* _Directions for this task_
Return every entry exactly as it is written in the listing.

* _Raw data_
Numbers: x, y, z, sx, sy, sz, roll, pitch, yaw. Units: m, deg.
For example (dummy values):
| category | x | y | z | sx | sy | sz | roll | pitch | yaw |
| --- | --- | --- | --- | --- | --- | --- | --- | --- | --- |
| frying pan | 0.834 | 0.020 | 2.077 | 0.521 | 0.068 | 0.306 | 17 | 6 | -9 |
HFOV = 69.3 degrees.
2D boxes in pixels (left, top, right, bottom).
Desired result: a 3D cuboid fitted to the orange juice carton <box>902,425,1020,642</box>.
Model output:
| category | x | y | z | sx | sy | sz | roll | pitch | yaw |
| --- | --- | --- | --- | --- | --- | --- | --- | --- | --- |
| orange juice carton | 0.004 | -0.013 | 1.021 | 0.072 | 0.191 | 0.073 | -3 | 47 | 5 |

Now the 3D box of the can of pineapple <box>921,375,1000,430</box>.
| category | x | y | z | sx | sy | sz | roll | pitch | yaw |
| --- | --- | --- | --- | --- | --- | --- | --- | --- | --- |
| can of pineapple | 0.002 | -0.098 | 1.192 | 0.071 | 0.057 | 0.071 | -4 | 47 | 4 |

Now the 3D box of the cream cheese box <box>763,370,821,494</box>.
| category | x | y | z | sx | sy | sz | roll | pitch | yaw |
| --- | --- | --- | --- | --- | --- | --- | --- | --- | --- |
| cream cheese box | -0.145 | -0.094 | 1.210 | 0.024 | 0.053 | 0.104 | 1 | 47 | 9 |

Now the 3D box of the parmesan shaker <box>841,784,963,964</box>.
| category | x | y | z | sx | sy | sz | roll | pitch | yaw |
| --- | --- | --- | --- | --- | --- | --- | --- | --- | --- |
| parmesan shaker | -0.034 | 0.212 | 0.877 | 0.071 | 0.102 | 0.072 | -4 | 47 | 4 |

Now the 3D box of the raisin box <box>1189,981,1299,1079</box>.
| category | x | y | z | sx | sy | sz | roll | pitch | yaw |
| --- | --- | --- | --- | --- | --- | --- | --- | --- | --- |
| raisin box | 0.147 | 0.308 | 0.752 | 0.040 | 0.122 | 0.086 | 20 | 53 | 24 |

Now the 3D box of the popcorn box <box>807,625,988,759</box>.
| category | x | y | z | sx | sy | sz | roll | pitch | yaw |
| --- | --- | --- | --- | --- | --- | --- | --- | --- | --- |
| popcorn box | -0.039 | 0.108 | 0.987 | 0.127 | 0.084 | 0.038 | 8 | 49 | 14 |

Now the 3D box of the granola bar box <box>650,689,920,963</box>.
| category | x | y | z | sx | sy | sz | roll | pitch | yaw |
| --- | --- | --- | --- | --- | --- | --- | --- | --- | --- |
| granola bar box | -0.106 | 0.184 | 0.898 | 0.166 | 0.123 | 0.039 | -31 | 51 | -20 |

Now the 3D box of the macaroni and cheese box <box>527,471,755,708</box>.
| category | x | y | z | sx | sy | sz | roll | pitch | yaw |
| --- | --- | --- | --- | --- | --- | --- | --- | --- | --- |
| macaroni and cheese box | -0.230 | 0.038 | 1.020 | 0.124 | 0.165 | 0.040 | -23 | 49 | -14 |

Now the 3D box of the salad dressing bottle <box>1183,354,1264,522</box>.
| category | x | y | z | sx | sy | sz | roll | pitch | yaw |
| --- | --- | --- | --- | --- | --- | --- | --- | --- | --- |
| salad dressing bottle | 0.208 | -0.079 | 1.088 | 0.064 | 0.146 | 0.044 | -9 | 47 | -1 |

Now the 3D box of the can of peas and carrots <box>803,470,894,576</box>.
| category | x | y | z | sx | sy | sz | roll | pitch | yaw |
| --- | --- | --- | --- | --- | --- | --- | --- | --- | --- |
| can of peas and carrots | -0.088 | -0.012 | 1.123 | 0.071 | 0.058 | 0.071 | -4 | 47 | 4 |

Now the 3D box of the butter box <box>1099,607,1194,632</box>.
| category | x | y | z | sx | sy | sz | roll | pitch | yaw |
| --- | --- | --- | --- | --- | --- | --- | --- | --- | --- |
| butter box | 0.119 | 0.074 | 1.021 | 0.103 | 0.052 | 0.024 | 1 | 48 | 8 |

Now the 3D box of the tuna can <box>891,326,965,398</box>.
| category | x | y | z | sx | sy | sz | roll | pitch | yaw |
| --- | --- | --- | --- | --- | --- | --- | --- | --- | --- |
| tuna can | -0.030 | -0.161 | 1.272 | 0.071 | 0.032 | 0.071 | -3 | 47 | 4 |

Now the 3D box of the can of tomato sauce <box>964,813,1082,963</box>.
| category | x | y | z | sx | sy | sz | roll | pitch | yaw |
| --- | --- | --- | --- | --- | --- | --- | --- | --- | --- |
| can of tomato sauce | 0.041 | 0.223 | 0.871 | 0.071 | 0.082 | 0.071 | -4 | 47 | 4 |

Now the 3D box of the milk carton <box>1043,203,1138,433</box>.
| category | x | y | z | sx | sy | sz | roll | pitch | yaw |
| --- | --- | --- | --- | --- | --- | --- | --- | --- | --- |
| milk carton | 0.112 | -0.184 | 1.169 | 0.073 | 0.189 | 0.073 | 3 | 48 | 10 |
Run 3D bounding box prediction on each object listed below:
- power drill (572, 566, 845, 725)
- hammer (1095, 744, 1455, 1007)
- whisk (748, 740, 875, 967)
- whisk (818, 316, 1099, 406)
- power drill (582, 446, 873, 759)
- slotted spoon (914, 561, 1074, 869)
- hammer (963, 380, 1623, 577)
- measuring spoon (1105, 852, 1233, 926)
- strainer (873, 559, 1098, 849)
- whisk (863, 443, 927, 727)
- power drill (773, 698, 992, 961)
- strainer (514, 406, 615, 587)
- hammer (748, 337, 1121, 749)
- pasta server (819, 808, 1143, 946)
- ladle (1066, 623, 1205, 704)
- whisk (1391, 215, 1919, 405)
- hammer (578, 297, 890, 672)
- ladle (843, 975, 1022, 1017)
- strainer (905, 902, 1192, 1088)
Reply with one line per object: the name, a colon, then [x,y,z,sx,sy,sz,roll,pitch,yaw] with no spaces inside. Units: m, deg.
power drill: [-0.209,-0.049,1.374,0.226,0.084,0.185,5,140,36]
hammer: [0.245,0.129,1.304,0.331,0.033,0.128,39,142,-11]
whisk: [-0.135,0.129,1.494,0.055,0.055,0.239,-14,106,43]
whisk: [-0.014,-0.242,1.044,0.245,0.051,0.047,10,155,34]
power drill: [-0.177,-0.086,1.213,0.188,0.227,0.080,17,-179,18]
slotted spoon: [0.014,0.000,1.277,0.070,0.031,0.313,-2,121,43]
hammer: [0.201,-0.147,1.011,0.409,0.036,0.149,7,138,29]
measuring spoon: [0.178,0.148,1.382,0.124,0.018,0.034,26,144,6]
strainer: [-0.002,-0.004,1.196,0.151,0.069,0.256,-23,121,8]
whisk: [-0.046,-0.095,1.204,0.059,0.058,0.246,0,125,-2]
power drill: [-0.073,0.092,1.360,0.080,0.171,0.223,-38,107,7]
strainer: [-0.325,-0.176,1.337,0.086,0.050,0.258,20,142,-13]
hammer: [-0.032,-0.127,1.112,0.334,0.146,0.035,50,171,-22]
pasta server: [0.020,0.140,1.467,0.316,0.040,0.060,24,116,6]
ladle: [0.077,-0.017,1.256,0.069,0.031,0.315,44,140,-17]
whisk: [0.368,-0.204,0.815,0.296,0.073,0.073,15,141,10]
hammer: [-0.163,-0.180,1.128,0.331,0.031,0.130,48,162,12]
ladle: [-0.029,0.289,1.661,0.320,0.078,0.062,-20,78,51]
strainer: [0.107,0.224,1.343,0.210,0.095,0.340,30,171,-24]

* _Expected output_
Numbers: x, y, z, sx, sy, sz, roll, pitch, yaw. Units: m, deg.
For example (dummy values):
| category | x | y | z | sx | sy | sz | roll | pitch | yaw |
| --- | --- | --- | --- | --- | --- | --- | --- | --- | --- |
| frying pan | 0.834 | 0.020 | 2.077 | 0.521 | 0.068 | 0.306 | 17 | 6 | -9 |
HFOV = 69.3 degrees.
2D boxes in pixels (left, top, right, bottom).
Desired result: a 3D cuboid fitted to the orange juice carton <box>902,425,1020,642</box>.
Model output:
| category | x | y | z | sx | sy | sz | roll | pitch | yaw |
| --- | --- | --- | --- | --- | --- | --- | --- | --- | --- |
| orange juice carton | 0.004 | -0.013 | 1.021 | 0.072 | 0.191 | 0.073 | -3 | 47 | 5 |

Now the 3D box of the can of pineapple <box>921,375,1000,430</box>.
| category | x | y | z | sx | sy | sz | roll | pitch | yaw |
| --- | --- | --- | --- | --- | --- | --- | --- | --- | --- |
| can of pineapple | 0.002 | -0.098 | 1.192 | 0.071 | 0.057 | 0.071 | -4 | 47 | 4 |

Now the 3D box of the cream cheese box <box>763,370,821,494</box>.
| category | x | y | z | sx | sy | sz | roll | pitch | yaw |
| --- | --- | --- | --- | --- | --- | --- | --- | --- | --- |
| cream cheese box | -0.145 | -0.094 | 1.210 | 0.024 | 0.053 | 0.104 | 1 | 47 | 9 |

Now the 3D box of the parmesan shaker <box>841,784,963,964</box>.
| category | x | y | z | sx | sy | sz | roll | pitch | yaw |
| --- | --- | --- | --- | --- | --- | --- | --- | --- | --- |
| parmesan shaker | -0.034 | 0.212 | 0.877 | 0.071 | 0.102 | 0.072 | -4 | 47 | 4 |

Now the 3D box of the raisin box <box>1189,981,1299,1079</box>.
| category | x | y | z | sx | sy | sz | roll | pitch | yaw |
| --- | --- | --- | --- | --- | --- | --- | --- | --- | --- |
| raisin box | 0.147 | 0.308 | 0.752 | 0.040 | 0.122 | 0.086 | 20 | 53 | 24 |

Now the 3D box of the popcorn box <box>807,625,988,759</box>.
| category | x | y | z | sx | sy | sz | roll | pitch | yaw |
| --- | --- | --- | --- | --- | --- | --- | --- | --- | --- |
| popcorn box | -0.039 | 0.108 | 0.987 | 0.127 | 0.084 | 0.038 | 8 | 49 | 14 |

Now the 3D box of the granola bar box <box>650,689,920,963</box>.
| category | x | y | z | sx | sy | sz | roll | pitch | yaw |
| --- | --- | --- | --- | --- | --- | --- | --- | --- | --- |
| granola bar box | -0.106 | 0.184 | 0.898 | 0.166 | 0.123 | 0.039 | -31 | 51 | -20 |

Now the 3D box of the macaroni and cheese box <box>527,471,755,708</box>.
| category | x | y | z | sx | sy | sz | roll | pitch | yaw |
| --- | --- | --- | --- | --- | --- | --- | --- | --- | --- |
| macaroni and cheese box | -0.230 | 0.038 | 1.020 | 0.124 | 0.165 | 0.040 | -23 | 49 | -14 |

Now the 3D box of the salad dressing bottle <box>1183,354,1264,522</box>.
| category | x | y | z | sx | sy | sz | roll | pitch | yaw |
| --- | --- | --- | --- | --- | --- | --- | --- | --- | --- |
| salad dressing bottle | 0.208 | -0.079 | 1.088 | 0.064 | 0.146 | 0.044 | -9 | 47 | -1 |

Now the 3D box of the can of peas and carrots <box>803,470,894,576</box>.
| category | x | y | z | sx | sy | sz | roll | pitch | yaw |
| --- | --- | --- | --- | --- | --- | --- | --- | --- | --- |
| can of peas and carrots | -0.088 | -0.012 | 1.123 | 0.071 | 0.058 | 0.071 | -4 | 47 | 4 |

Now the 3D box of the butter box <box>1099,607,1194,632</box>.
| category | x | y | z | sx | sy | sz | roll | pitch | yaw |
| --- | --- | --- | --- | --- | --- | --- | --- | --- | --- |
| butter box | 0.119 | 0.074 | 1.021 | 0.103 | 0.052 | 0.024 | 1 | 48 | 8 |

Now the 3D box of the tuna can <box>891,326,965,398</box>.
| category | x | y | z | sx | sy | sz | roll | pitch | yaw |
| --- | --- | --- | --- | --- | --- | --- | --- | --- | --- |
| tuna can | -0.030 | -0.161 | 1.272 | 0.071 | 0.032 | 0.071 | -3 | 47 | 4 |

Now the 3D box of the can of tomato sauce <box>964,813,1082,963</box>.
| category | x | y | z | sx | sy | sz | roll | pitch | yaw |
| --- | --- | --- | --- | --- | --- | --- | --- | --- | --- |
| can of tomato sauce | 0.041 | 0.223 | 0.871 | 0.071 | 0.082 | 0.071 | -4 | 47 | 4 |

Now the 3D box of the milk carton <box>1043,203,1138,433</box>.
| category | x | y | z | sx | sy | sz | roll | pitch | yaw |
| --- | --- | --- | --- | --- | --- | --- | --- | --- | --- |
| milk carton | 0.112 | -0.184 | 1.169 | 0.073 | 0.189 | 0.073 | 3 | 48 | 10 |
Run 3D bounding box prediction on each object listed below:
- power drill (572, 566, 845, 725)
- hammer (1095, 744, 1455, 1007)
- whisk (748, 740, 875, 967)
- whisk (818, 316, 1099, 406)
- power drill (582, 446, 873, 759)
- slotted spoon (914, 561, 1074, 869)
- hammer (963, 380, 1623, 577)
- measuring spoon (1105, 852, 1233, 926)
- strainer (873, 559, 1098, 849)
- whisk (863, 443, 927, 727)
- power drill (773, 698, 992, 961)
- strainer (514, 406, 615, 587)
- hammer (748, 337, 1121, 749)
- pasta server (819, 808, 1143, 946)
- ladle (1066, 623, 1205, 704)
- whisk (1391, 215, 1919, 405)
- hammer (578, 297, 890, 672)
- ladle (843, 975, 1022, 1017)
- strainer (905, 902, 1192, 1088)
Reply with one line per object: the name, a colon, then [x,y,z,sx,sy,sz,roll,pitch,yaw] with no spaces inside. Units: m, deg.
power drill: [-0.209,-0.049,1.374,0.226,0.084,0.185,5,140,36]
hammer: [0.245,0.129,1.304,0.331,0.033,0.128,39,142,-11]
whisk: [-0.135,0.129,1.494,0.055,0.055,0.239,-14,106,43]
whisk: [-0.014,-0.242,1.044,0.245,0.051,0.047,10,155,34]
power drill: [-0.177,-0.086,1.213,0.188,0.227,0.080,17,-179,18]
slotted spoon: [0.014,0.000,1.277,0.070,0.031,0.313,-2,121,43]
hammer: [0.201,-0.147,1.011,0.409,0.036,0.149,7,138,29]
measuring spoon: [0.178,0.148,1.382,0.124,0.018,0.034,26,144,6]
strainer: [-0.002,-0.004,1.196,0.151,0.069,0.256,-23,121,8]
whisk: [-0.046,-0.095,1.204,0.059,0.058,0.246,0,125,-2]
power drill: [-0.073,0.092,1.360,0.080,0.171,0.223,-38,107,7]
strainer: [-0.325,-0.176,1.337,0.086,0.050,0.258,20,142,-13]
hammer: [-0.032,-0.127,1.112,0.334,0.146,0.035,50,171,-22]
pasta server: [0.020,0.140,1.467,0.316,0.040,0.060,24,116,6]
ladle: [0.077,-0.017,1.256,0.069,0.031,0.315,44,140,-17]
whisk: [0.368,-0.204,0.815,0.296,0.073,0.073,15,141,10]
hammer: [-0.163,-0.180,1.128,0.331,0.031,0.130,48,162,12]
ladle: [-0.029,0.289,1.661,0.320,0.078,0.062,-20,78,51]
strainer: [0.107,0.224,1.343,0.210,0.095,0.340,30,171,-24]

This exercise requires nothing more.